WORK ITEM — What lines of the data hold the string "degrees"? Copy them all.

----

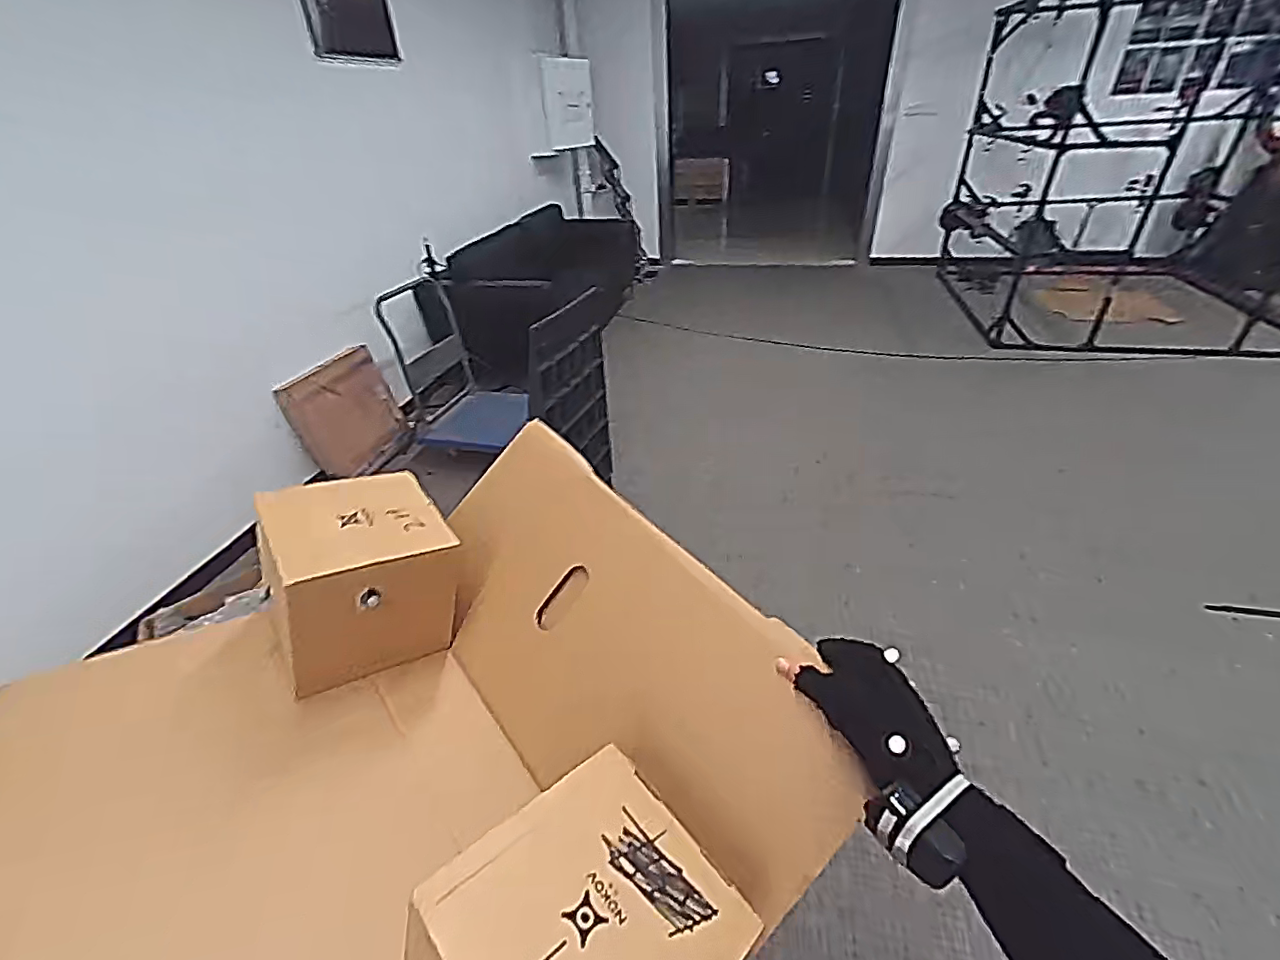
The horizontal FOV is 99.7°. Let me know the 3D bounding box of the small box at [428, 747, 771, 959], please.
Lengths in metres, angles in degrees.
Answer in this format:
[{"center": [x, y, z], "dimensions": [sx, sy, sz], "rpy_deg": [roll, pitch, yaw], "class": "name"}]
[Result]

----

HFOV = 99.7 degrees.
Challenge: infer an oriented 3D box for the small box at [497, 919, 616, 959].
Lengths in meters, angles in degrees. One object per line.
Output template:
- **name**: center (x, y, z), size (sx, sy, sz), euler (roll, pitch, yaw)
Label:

----

FINISHED TASK —
Lengths in metres, angles in degrees.
HFOV = 99.7 degrees.
Lengths in meters, angles in degrees. One object per line.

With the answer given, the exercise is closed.